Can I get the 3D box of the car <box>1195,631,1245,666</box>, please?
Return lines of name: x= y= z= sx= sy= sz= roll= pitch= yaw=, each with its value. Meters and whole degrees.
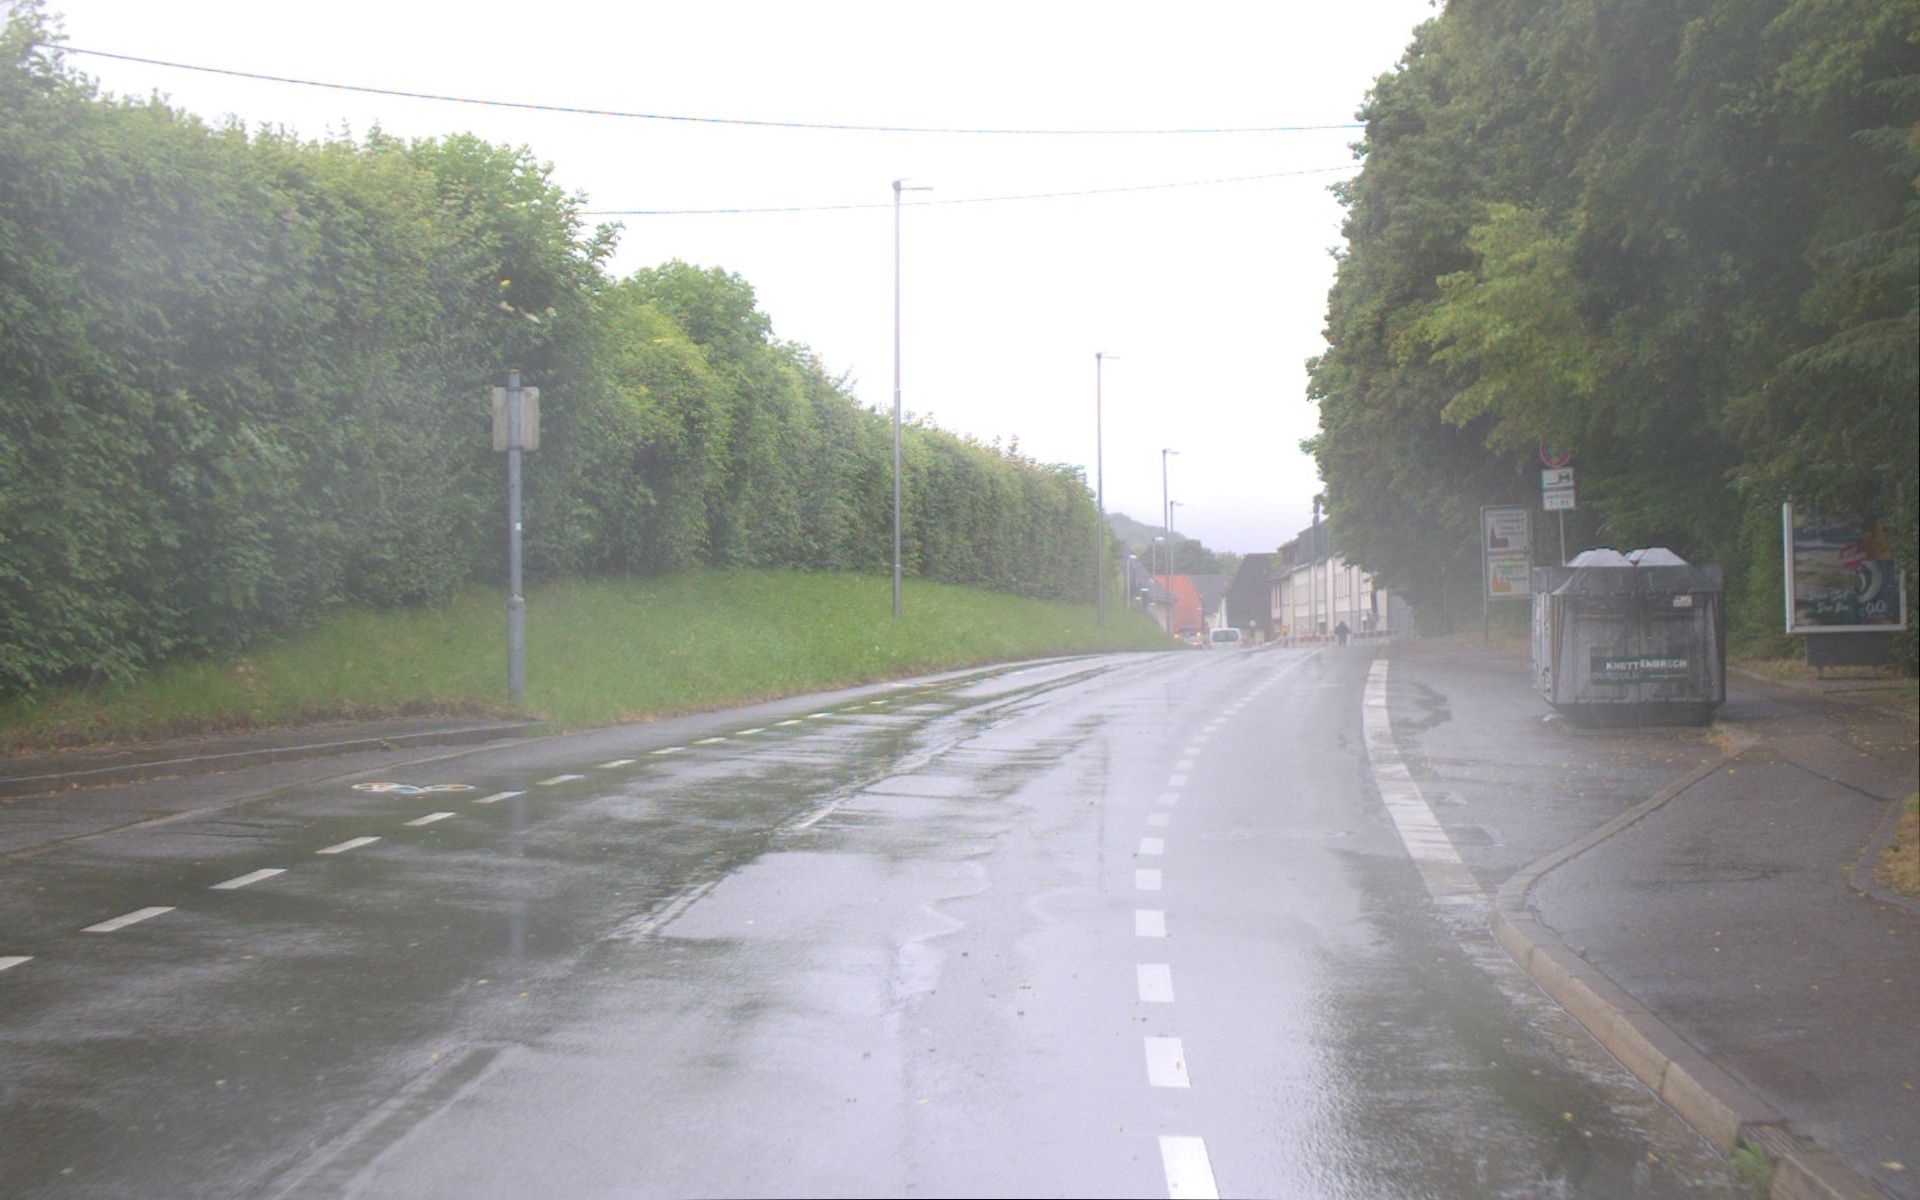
car: x=12.864 y=2.385 z=170.055 sx=1.993 sy=1.605 sz=4.000 roll=2 pitch=0 yaw=-2
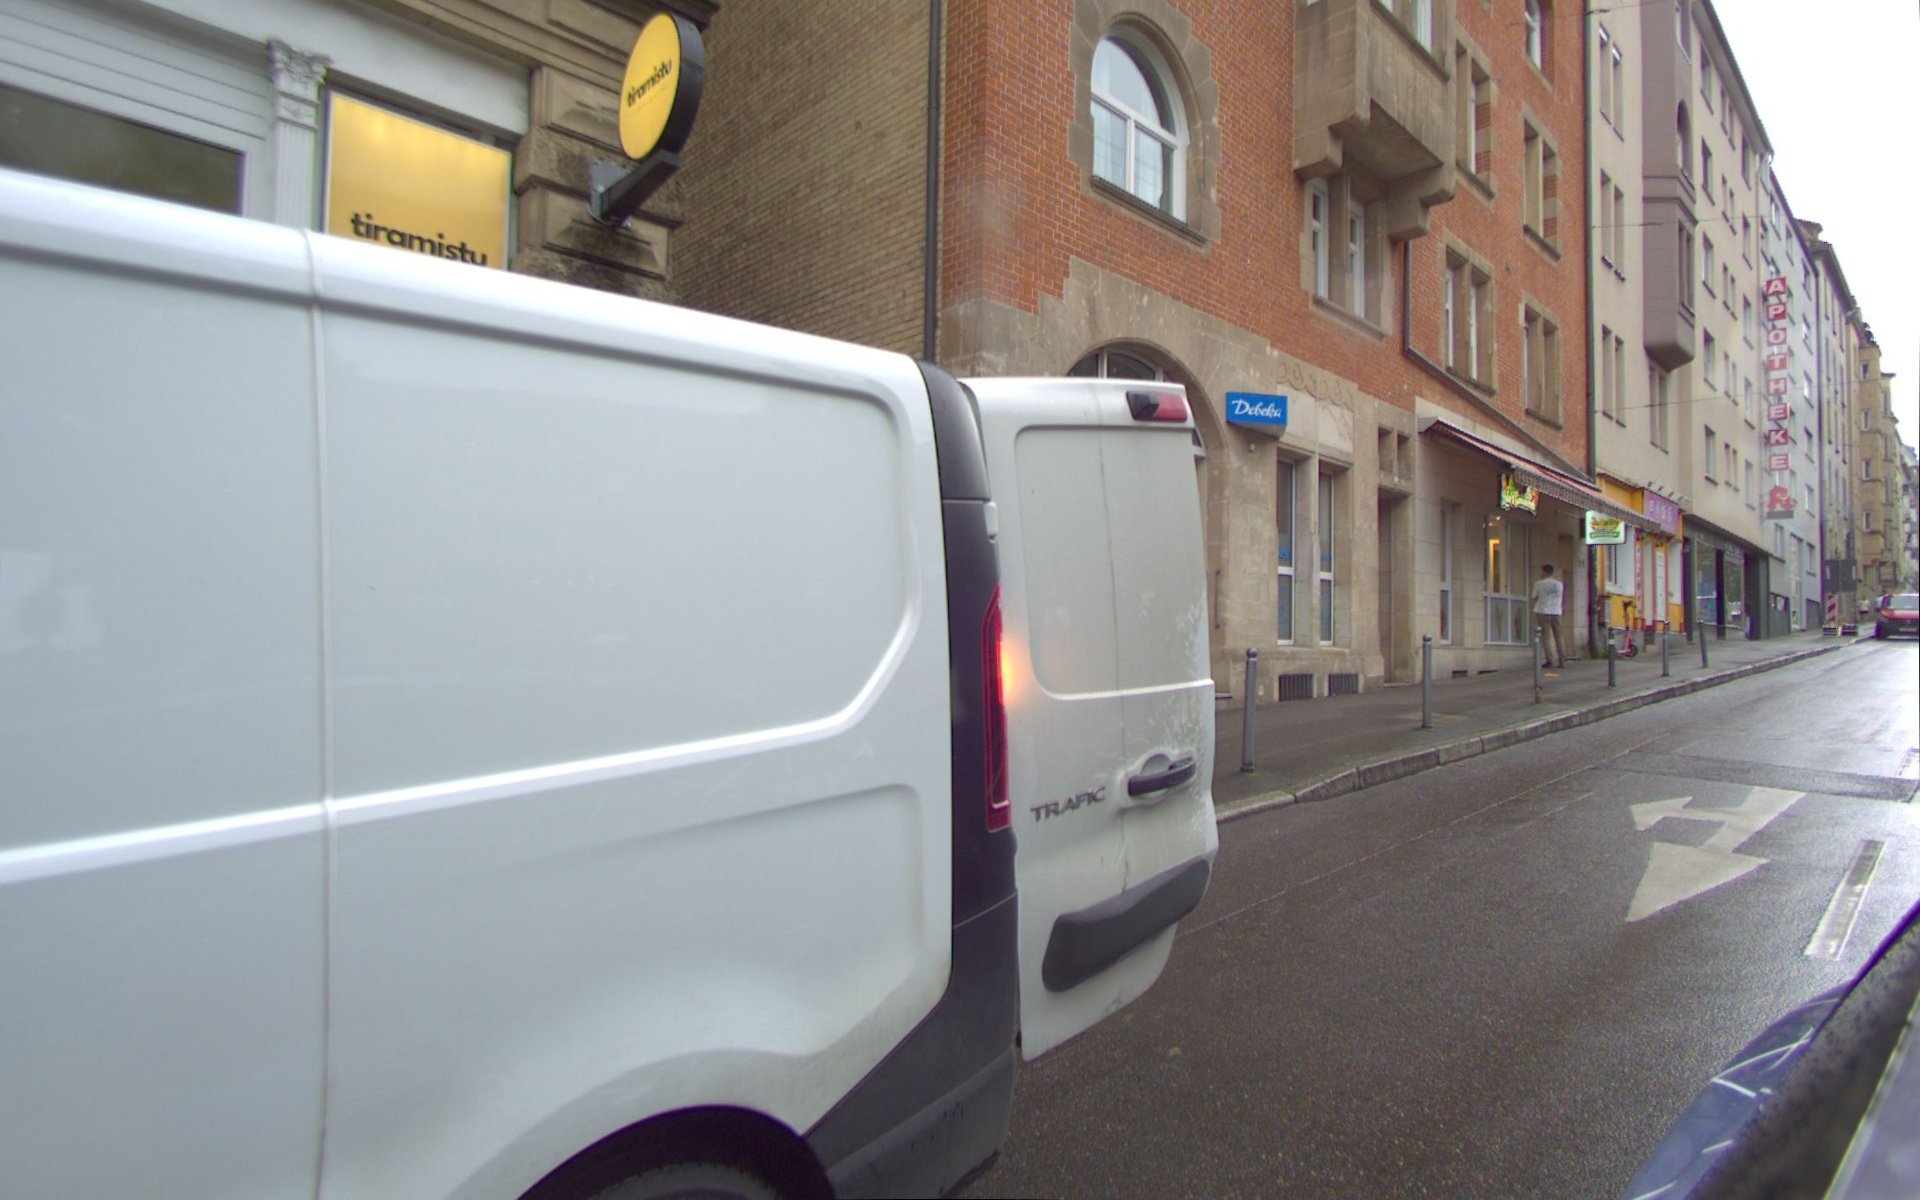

--------------------------------

_TASK DIRECTIONS:_ All of the lines above must be repeated without alteration, though the pictures are to be excluded.

_RESPONSE:_
Can I get the 3D box of the car <box>1195,631,1245,666</box>, please?
Return lines of name: x= y= z= sx= sy= sz= roll= pitch= yaw=, each with its value. Meters and whole degrees.
car: x=12.864 y=2.385 z=170.055 sx=1.993 sy=1.605 sz=4.000 roll=2 pitch=0 yaw=-2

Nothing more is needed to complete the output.